According to the countplot above, the EMS is the most common reason of 911 calls.

**7. The total number of each reason for 911 calls for each day of a week in all years.**

In [None]:
df.groupby(['day','Reason']).count()['lat']

In [None]:
sns.countplot(x='day',data=df,hue='Reason',palette='viridis')

**8. The number of 911 calls for each reason yearly**

In [None]:
df['Year'] = df['timeStamp'].apply(lambda y:y.year)
df['Year'].head()

In [None]:
df.groupby(['Year','Reason']).count()['lat']

In [None]:
plt.figure(figsize=(10,7))
sns.countplot(x='Reason',data=df,hue='Year',palette='viridis')

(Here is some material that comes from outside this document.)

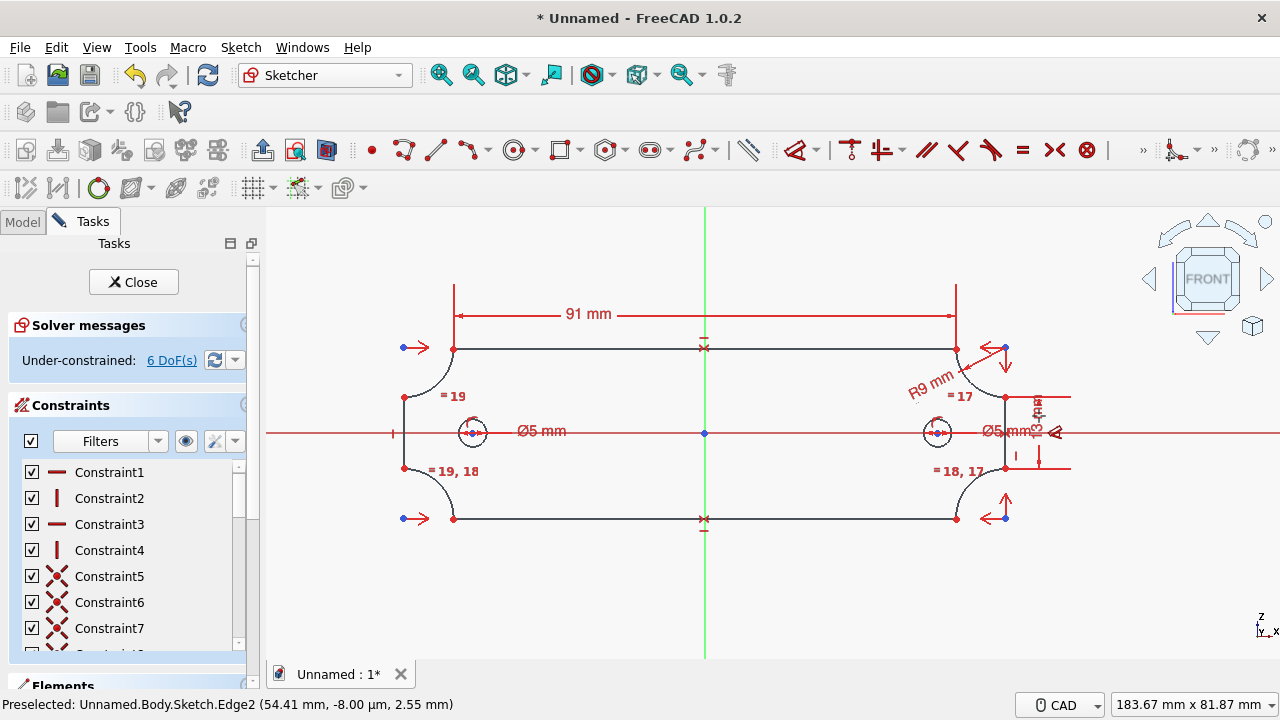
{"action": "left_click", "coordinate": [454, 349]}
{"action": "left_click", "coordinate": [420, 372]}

**9. The trends of each reason in all years**

In [None]:
df[df['Reason'] == 'EMS'].groupby('Year').count()['lat'].plot()
plt.title('Trends of EMS by Year')

In [None]:
df[df['Reason'] == 'Fire'].groupby('Year').count()['lat'].plot()
plt.title('Trends of Fire by Year')

In [None]:
df[df['Reason'] == 'Traffic'].groupby('Year').count()['lat'].plot()
plt.title('Trends of Traffic by Year')

**10. Find the trends of the total number of 911 calls by year.**

In [None]:
year = df.groupby('Year').count()
sns.lineplot(data=year.reset_index(), x='Year', y='lat')
plt.title('The trends of number of 911 calls by year')


**11.  Does Season have an association with the number of 911 calls for each reason?**

In [None]:
season = {3:'spring',4:'spring',5:'spring',6:'summer',7:'summer',8:'summer',9:'autumn',10:'autumn',11:'autumn',12:'winter',1:'winter',2:'winter'}

df['season'] = df['month'].map(season)

In [None]:
yearOfSeason = df.groupby(['season','Year']).count()['lat'].unstack()
sns.heatmap(yearOfSeason.dropna(axis=1),cmap='coolwarm')

According to the heatmap above, we can't see any pattern that indicate there has a association between the season and the number of 911 calls.

**12. Does the hours has any association with the number of 911 call?**

In [None]:
dayHour = df.groupby(by=['day','hour']).count()['Reason'].unstack()
dayHour.head()

In [None]:
plt.figure(figsize=(10,7))
sns.heatmap(data=dayHour, cmap='coolwarm')

According to the heatmap above, we could see there has a pattern that indicates the association between hours and the number of 911 calls. For example, night and morning of the number of 911 calls are only a few, but when afternoon, the number of 911 calls will become more and more.